◆ EXERCISE:
Search the material for the string "each", then return every line where it is found.

◆ DATASET RECORDS:
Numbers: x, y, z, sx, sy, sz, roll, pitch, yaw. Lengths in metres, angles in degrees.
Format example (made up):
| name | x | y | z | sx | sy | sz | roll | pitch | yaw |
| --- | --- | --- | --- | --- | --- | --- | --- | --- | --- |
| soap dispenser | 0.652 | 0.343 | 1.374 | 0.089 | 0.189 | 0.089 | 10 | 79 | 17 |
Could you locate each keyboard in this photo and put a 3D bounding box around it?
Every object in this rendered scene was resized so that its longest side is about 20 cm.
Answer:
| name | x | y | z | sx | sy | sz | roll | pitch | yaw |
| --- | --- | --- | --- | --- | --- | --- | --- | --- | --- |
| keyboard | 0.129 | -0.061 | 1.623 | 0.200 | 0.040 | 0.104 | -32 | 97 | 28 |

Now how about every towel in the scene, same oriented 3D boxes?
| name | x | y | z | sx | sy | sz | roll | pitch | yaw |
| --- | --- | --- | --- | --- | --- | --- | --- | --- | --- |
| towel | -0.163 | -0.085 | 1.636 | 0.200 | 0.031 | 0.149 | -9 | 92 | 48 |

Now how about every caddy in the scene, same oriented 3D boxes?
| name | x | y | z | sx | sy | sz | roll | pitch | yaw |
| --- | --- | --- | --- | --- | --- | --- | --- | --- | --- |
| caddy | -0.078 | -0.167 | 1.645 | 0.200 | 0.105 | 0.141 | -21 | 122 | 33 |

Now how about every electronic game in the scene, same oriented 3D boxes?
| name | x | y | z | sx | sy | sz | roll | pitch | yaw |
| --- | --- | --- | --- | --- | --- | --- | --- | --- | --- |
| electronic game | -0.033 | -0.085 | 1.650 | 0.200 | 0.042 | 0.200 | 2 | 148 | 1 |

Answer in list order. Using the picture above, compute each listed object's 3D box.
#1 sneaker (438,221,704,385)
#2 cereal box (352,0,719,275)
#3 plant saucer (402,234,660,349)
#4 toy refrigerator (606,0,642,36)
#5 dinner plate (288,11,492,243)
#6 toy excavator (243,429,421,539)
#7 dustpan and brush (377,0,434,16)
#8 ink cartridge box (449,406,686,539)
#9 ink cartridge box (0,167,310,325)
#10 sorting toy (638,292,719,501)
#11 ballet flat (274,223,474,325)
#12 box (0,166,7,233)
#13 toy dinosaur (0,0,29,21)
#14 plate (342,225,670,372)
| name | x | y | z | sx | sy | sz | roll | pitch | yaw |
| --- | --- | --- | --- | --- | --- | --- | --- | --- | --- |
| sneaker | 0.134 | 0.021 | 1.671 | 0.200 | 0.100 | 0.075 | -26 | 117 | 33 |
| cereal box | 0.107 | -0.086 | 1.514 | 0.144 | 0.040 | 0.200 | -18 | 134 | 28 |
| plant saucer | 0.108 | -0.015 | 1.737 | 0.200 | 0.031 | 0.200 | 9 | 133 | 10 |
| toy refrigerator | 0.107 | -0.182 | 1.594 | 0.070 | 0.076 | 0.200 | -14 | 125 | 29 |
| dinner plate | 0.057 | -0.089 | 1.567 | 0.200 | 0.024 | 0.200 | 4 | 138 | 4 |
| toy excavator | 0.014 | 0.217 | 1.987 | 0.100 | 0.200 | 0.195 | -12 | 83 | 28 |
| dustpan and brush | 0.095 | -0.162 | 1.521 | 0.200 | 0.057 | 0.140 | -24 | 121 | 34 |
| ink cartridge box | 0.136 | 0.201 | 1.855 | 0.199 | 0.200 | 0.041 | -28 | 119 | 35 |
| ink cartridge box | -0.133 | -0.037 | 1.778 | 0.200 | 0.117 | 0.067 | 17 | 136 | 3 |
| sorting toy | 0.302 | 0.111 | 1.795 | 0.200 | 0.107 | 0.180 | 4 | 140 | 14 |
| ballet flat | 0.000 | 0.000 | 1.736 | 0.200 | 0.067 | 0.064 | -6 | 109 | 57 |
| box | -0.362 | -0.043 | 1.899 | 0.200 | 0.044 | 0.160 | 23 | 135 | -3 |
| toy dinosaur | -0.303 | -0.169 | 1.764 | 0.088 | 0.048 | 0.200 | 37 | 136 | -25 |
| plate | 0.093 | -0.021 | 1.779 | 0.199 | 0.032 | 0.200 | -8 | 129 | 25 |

◆ ANSWER BELOW:
Could you locate each keyboard in this photo and put a 3D bounding box around it?
Answer in list order. Using the picture above, compute each listed object's 3D box.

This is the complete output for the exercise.